[Opening DATASET RECORDS section]
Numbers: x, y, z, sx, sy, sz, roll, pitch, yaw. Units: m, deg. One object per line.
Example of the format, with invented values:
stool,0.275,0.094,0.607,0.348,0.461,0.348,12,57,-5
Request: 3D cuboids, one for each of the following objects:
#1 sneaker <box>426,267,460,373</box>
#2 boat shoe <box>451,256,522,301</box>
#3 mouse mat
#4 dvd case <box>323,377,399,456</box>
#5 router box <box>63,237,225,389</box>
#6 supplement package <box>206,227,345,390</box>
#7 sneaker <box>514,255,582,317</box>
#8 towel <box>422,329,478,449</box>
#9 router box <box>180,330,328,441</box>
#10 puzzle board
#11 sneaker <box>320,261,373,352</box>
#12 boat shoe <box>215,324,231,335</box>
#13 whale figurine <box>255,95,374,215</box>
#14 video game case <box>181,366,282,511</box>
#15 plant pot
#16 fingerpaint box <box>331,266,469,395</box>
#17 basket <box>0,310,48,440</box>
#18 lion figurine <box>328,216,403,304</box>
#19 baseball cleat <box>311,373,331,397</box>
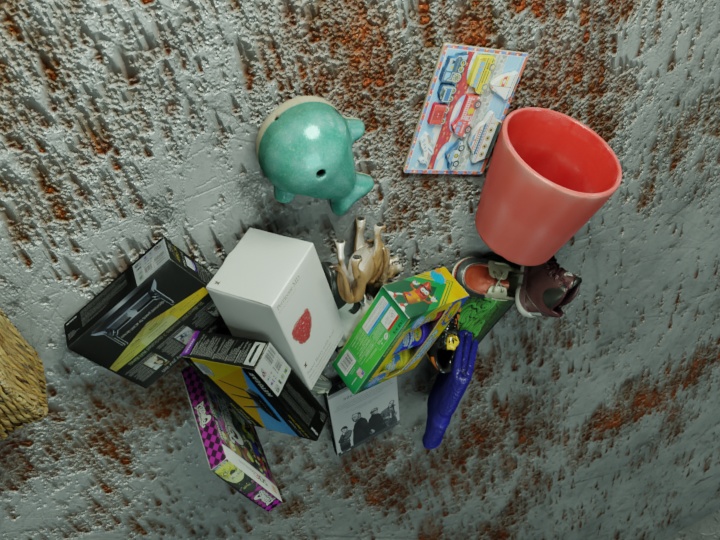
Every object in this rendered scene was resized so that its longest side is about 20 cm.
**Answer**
sneaker,0.156,0.092,1.309,0.069,0.091,0.203,-8,129,-17
boat shoe,0.243,0.020,1.296,0.197,0.062,0.073,11,91,-38
mouse mat,0.228,0.061,1.389,0.159,0.008,0.201,20,118,-40
dvd case,0.006,0.266,1.423,0.148,0.025,0.202,-24,137,-17
router box,-0.300,0.067,1.069,0.199,0.053,0.157,-39,137,7
supplement package,-0.118,0.058,1.081,0.122,0.118,0.202,-58,147,-31
sneaker,0.327,-0.016,1.245,0.075,0.115,0.205,-5,98,-37
towel,0.174,0.230,1.411,0.049,0.149,0.202,17,127,-1
router box,-0.154,0.173,1.096,0.052,0.147,0.201,-62,140,-30
puzzle board,0.154,-0.229,1.082,0.148,0.018,0.202,-3,130,-27
sneaker,-0.024,0.044,1.194,0.087,0.074,0.202,-26,145,-14
boat shoe,-0.198,0.149,1.192,0.071,0.061,0.201,-40,136,11
whale figurine,-0.049,-0.137,0.988,0.158,0.104,0.200,-39,136,7
video game case,-0.209,0.270,1.194,0.035,0.201,0.182,-32,136,0
plant pot,0.273,-0.119,1.134,0.197,0.202,0.179,-5,140,-25
fingerpaint box,0.067,0.101,1.232,0.165,0.074,0.201,-15,146,-46
basket,-0.516,0.137,0.946,0.147,0.144,0.202,-23,136,-9
lion figurine,0.000,0.000,1.114,0.200,0.071,0.125,-43,141,-52
baseball cleat,-0.096,0.161,1.254,0.068,0.109,0.200,-4,169,13
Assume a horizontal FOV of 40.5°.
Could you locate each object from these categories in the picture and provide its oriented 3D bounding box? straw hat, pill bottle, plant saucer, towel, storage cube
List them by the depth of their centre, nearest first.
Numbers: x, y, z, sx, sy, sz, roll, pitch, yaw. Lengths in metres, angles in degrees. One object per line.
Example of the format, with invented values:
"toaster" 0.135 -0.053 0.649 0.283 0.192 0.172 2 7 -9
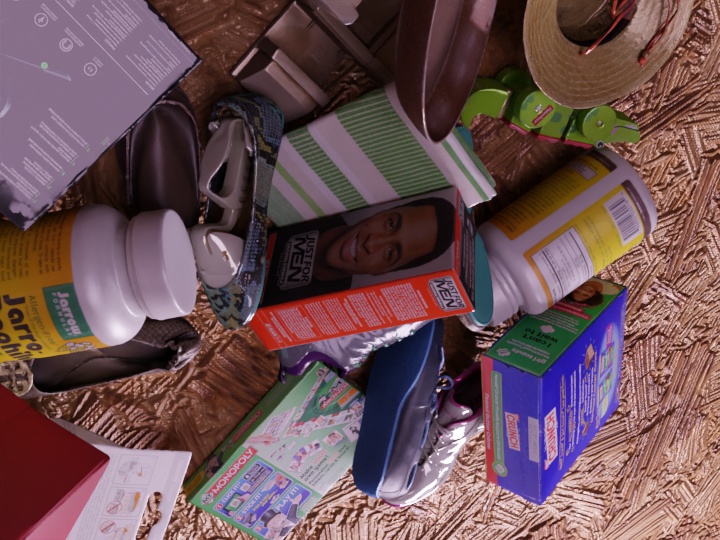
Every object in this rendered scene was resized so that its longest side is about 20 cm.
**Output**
"plant saucer" 0.066 -0.196 0.727 0.034 0.200 0.202 15 116 15
"pill bottle" -0.236 0.010 0.769 0.198 0.113 0.113 -9 123 7
"storage cube" -0.337 0.201 0.776 0.170 0.180 0.201 33 107 3
"towel" 0.001 -0.083 0.869 0.199 0.024 0.153 -21 131 28
"straw hat" 0.207 -0.252 0.901 0.200 0.085 0.202 -16 125 -24
"pill bottle" 0.194 -0.031 0.999 0.199 0.109 0.110 -34 126 -5

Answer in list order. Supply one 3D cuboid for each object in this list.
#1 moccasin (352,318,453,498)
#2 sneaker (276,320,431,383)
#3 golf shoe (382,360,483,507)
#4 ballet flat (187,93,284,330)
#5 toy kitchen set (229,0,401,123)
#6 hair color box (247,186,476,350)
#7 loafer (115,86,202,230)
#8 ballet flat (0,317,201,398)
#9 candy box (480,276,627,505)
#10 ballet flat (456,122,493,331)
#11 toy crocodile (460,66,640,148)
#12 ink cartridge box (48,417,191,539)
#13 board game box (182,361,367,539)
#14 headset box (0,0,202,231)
"moccasin" 0.045 0.138 1.024 0.068 0.080 0.201 22 87 -42
"sneaker" 0.008 0.058 0.976 0.198 0.074 0.088 -6 109 -12
"golf shoe" 0.085 0.172 1.064 0.200 0.075 0.092 -48 154 -4
"ballet flat" -0.114 -0.050 0.821 0.074 0.074 0.202 6 91 -28
"toy kitchen set" -0.011 -0.178 0.778 0.163 0.181 0.200 -47 126 5
"hair color box" 0.000 0.000 0.868 0.198 0.102 0.061 -12 135 19
"loafer" -0.163 -0.059 0.833 0.072 0.071 0.202 -10 120 -21
"ballet flat" -0.241 0.081 0.885 0.198 0.046 0.068 -6 118 -23
"candy box" 0.212 0.122 1.061 0.200 0.077 0.170 -37 132 -43
"ballet flat" 0.080 -0.041 0.936 0.068 0.075 0.202 -12 95 -49
"toy crocodile" 0.187 -0.152 0.957 0.199 0.068 0.062 8 118 -27
"ink cartridge box" -0.282 0.223 0.945 0.199 0.047 0.161 11 110 -32
"board game box" -0.073 0.192 1.038 0.200 0.029 0.134 -47 125 3
"headset box" -0.251 -0.155 0.715 0.200 0.093 0.174 -44 119 1
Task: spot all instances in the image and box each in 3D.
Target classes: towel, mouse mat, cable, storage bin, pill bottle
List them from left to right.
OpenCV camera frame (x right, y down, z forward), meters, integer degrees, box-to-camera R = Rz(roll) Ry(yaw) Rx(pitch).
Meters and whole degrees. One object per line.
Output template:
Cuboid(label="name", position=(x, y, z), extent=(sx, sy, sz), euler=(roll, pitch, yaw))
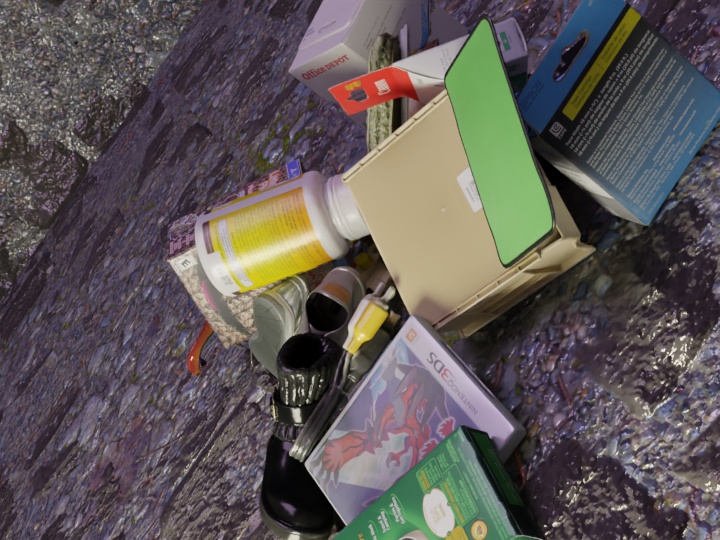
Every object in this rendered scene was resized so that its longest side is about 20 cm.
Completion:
Cuboid(label="pill bottle", position=(-0.087, -0.049, 1.429), extent=(0.199, 0.109, 0.109), euler=(-19, 36, 15))
Cuboid(label="cable", position=(-0.023, 0.104, 1.245), extent=(0.200, 0.050, 0.097), euler=(-53, 0, -14))
Cuboid(label="towel", position=(0.034, -0.187, 1.468), extent=(0.148, 0.036, 0.201), euler=(-38, -52, -75))
Cuboid(label="storage bin", position=(0.108, -0.063, 1.225), extent=(0.198, 0.094, 0.201), euler=(-37, 70, 34))
Cuboid(label="mouse mat", position=(0.122, -0.111, 1.085), extent=(0.161, 0.007, 0.201), euler=(128, 125, -74))

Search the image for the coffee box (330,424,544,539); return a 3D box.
Cuboid(label="coffee box", position=(0.058, 0.246, 1.080), extent=(0.200, 0.044, 0.123), euler=(-46, 48, 22))

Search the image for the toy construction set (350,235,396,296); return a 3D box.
Cuboid(label="toy construction set", position=(0.000, 0.000, 1.475), extent=(0.131, 0.092, 0.201), euler=(24, 88, 42))

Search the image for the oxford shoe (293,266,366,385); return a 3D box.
Cuboid(label="oxford shoe", position=(-0.048, 0.083, 1.418), extent=(0.058, 0.075, 0.201), euler=(-45, -19, -51))

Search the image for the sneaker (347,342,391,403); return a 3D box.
Cuboid(label="sneaker", position=(0.035, 0.111, 1.326), extent=(0.082, 0.074, 0.200), euler=(-16, 31, 10))

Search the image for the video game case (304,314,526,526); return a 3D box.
Cuboid(label="video game case", position=(0.046, 0.172, 1.167), extent=(0.200, 0.023, 0.182), euler=(-55, 46, 14))

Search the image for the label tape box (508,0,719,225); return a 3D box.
Cuboid(label="label tape box", position=(0.227, -0.156, 1.115), extent=(0.144, 0.200, 0.063), euler=(-56, 28, -1))

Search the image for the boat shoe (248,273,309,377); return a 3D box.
Cuboid(label="boat shoe", position=(-0.095, 0.076, 1.516), extent=(0.065, 0.074, 0.202), euler=(-42, -23, -25))

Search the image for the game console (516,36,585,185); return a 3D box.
Cuboid(label="game console", position=(0.184, -0.195, 1.345), extent=(0.172, 0.119, 0.200), euler=(-39, 30, 34))

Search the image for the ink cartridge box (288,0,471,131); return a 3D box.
Cuboid(label="ink cartridge box", position=(0.039, -0.284, 1.622), extent=(0.147, 0.200, 0.145), euler=(-11, 50, 57))

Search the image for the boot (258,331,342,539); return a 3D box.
Cuboid(label="boot", position=(-0.062, 0.177, 1.311), extent=(0.211, 0.079, 0.158), euler=(-109, 29, -61))

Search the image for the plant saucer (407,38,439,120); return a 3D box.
Cuboid(label="plant saucer", position=(0.078, -0.178, 1.463), extent=(0.036, 0.201, 0.201), euler=(-1, 43, 6))

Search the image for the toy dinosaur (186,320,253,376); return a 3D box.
Cuboid(label="toy dinosaur", position=(-0.194, 0.056, 1.709), extent=(0.181, 0.200, 0.105), euler=(-33, -6, -31))

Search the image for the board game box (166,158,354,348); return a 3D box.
Cuboid(label="board game box", position=(-0.127, -0.020, 1.575), extent=(0.199, 0.160, 0.097), euler=(-27, 30, 7))

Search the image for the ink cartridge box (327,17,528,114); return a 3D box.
Cuboid(label="ink cartridge box", position=(0.077, -0.192, 1.270), extent=(0.199, 0.050, 0.161), euler=(-21, -6, 6))

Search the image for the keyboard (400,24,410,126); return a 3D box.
Cuboid(label="keyboard", position=(0.057, -0.194, 1.466), extent=(0.056, 0.011, 0.201), euler=(-21, -69, -79))
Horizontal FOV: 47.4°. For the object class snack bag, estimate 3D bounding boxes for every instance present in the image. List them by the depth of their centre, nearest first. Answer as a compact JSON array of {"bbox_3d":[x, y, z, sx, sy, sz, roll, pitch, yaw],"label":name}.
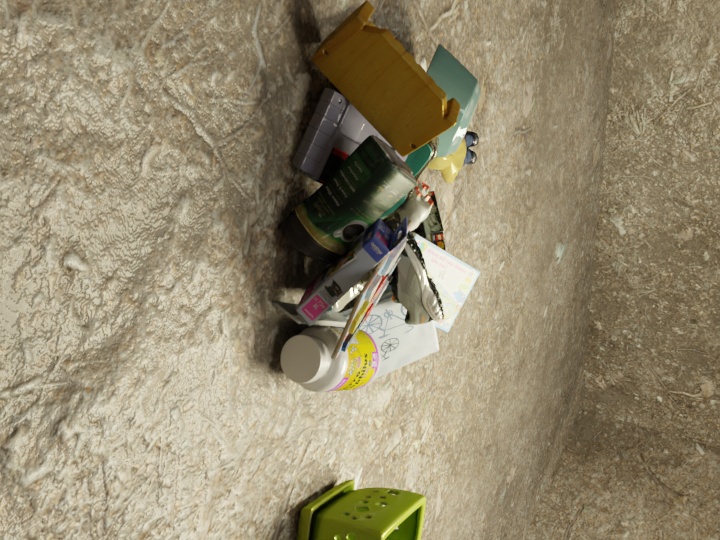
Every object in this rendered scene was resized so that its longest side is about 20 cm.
[{"bbox_3d":[0.054,0.117,1.498,0.186,0.022,0.202,-24,135,-6],"label":"snack bag"}]

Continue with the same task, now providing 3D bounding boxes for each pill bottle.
[{"bbox_3d":[-0.049,0.144,1.330,0.199,0.103,0.106,12,91,-64],"label":"pill bottle"}]

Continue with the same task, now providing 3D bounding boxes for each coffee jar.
[{"bbox_3d":[-0.018,-0.099,1.213,0.200,0.086,0.104,-43,153,14],"label":"coffee jar"}]

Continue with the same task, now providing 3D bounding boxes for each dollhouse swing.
[{"bbox_3d":[0.060,-0.309,1.207,0.200,0.181,0.177,44,56,-16],"label":"dollhouse swing"}]

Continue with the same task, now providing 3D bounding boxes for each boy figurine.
[{"bbox_3d":[0.184,-0.236,1.682,0.199,0.064,0.126,-28,126,-57],"label":"boy figurine"}]

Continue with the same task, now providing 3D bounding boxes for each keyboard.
[{"bbox_3d":[-0.069,0.072,1.314,0.011,0.056,0.199,-64,155,6],"label":"keyboard"}]

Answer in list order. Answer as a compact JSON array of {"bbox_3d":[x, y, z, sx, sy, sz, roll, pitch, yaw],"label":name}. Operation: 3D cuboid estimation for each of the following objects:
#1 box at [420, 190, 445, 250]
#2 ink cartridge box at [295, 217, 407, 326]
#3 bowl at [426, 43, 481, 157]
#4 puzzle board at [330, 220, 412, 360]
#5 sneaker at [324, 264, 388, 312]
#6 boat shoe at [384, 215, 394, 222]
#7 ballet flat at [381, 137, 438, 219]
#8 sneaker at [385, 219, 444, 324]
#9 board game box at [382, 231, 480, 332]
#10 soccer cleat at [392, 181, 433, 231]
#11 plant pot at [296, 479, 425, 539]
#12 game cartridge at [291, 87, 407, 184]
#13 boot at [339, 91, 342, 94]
[{"bbox_3d":[0.150,-0.038,1.656,0.138,0.039,0.202,-97,177,-50],"label":"box"},{"bbox_3d":[-0.011,-0.010,1.242,0.199,0.042,0.120,-41,-171,15],"label":"ink cartridge box"},{"bbox_3d":[0.143,-0.281,1.443,0.201,0.104,0.203,-156,-90,-89],"label":"bowl"},{"bbox_3d":[0.022,0.030,1.261,0.201,0.017,0.152,-55,172,-48],"label":"puzzle board"},{"bbox_3d":[0.000,0.000,1.391,0.200,0.080,0.077,-51,143,-43],"label":"sneaker"},{"bbox_3d":[0.075,-0.007,1.548,0.074,0.074,0.206,-19,118,-60],"label":"boat shoe"},{"bbox_3d":[0.072,-0.164,1.400,0.200,0.068,0.075,-50,-177,35],"label":"ballet flat"},{"bbox_3d":[0.078,0.009,1.380,0.074,0.078,0.202,-90,159,-65],"label":"sneaker"},{"bbox_3d":[0.124,0.022,1.521,0.199,0.034,0.136,27,94,-41],"label":"board game box"},{"bbox_3d":[0.086,-0.127,1.492,0.078,0.069,0.200,-51,-167,16],"label":"soccer cleat"},{"bbox_3d":[-0.009,0.501,1.483,0.198,0.179,0.203,-12,111,-62],"label":"plant pot"},{"bbox_3d":[-0.007,-0.181,1.265,0.199,0.038,0.131,20,92,-47],"label":"game cartridge"},{"bbox_3d":[0.030,-0.237,1.352,0.199,0.076,0.158,-30,126,-54],"label":"boot"}]
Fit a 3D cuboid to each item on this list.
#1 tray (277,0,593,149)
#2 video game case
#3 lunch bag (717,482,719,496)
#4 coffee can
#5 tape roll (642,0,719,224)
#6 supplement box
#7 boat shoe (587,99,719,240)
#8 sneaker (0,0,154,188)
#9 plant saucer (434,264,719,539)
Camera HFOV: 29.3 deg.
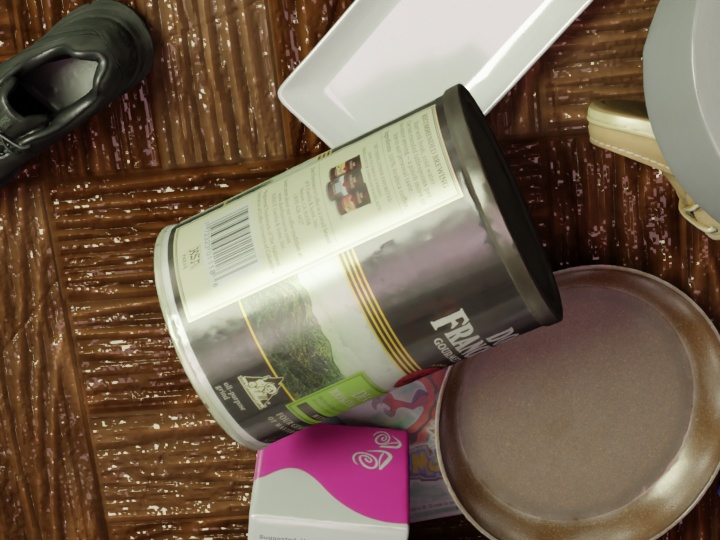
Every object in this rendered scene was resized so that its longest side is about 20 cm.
[{"bbox_3d":[0.050,-0.146,0.843,0.107,0.022,0.200,41,107,-9],"label":"tray"},{"bbox_3d":[0.032,0.082,0.920,0.197,0.023,0.184,-11,107,10],"label":"video game case"},{"bbox_3d":[0.299,0.131,0.814,0.093,0.200,0.152,23,109,-3],"label":"lunch bag"},{"bbox_3d":[0.000,0.000,0.809,0.198,0.147,0.148,-24,105,13],"label":"coffee can"},{"bbox_3d":[0.261,-0.111,0.766,0.197,0.066,0.203,1,87,-13],"label":"tape roll"},{"bbox_3d":[-0.026,0.209,0.905,0.102,0.102,0.202,4,121,0],"label":"supplement box"},{"bbox_3d":[0.224,-0.048,0.831,0.198,0.071,0.065,20,109,-2],"label":"boat shoe"},{"bbox_3d":[-0.222,-0.096,0.852,0.199,0.091,0.076,-35,104,17],"label":"sneaker"},{"bbox_3d":[0.142,0.091,0.889,0.197,0.032,0.203,-2,105,-9],"label":"plant saucer"}]
[Closing DATASET RECORDS section]
YOUR OBJECTIVE :: Extract, from the listing above, every line where the string "first" occurs.

TASK RESULT ::
List them by the depth of their centre, nearest first.
Horizontal FOV: 47.4°. For the object class snack bag, estimate 3D bounding boxes for every instance present in the image. List them by the depth of their centre, nearest first. Answer as a compact JSON array of {"bbox_3d":[x, y, z, sx, sy, sz, roll, pitch, yaw],"label":name}.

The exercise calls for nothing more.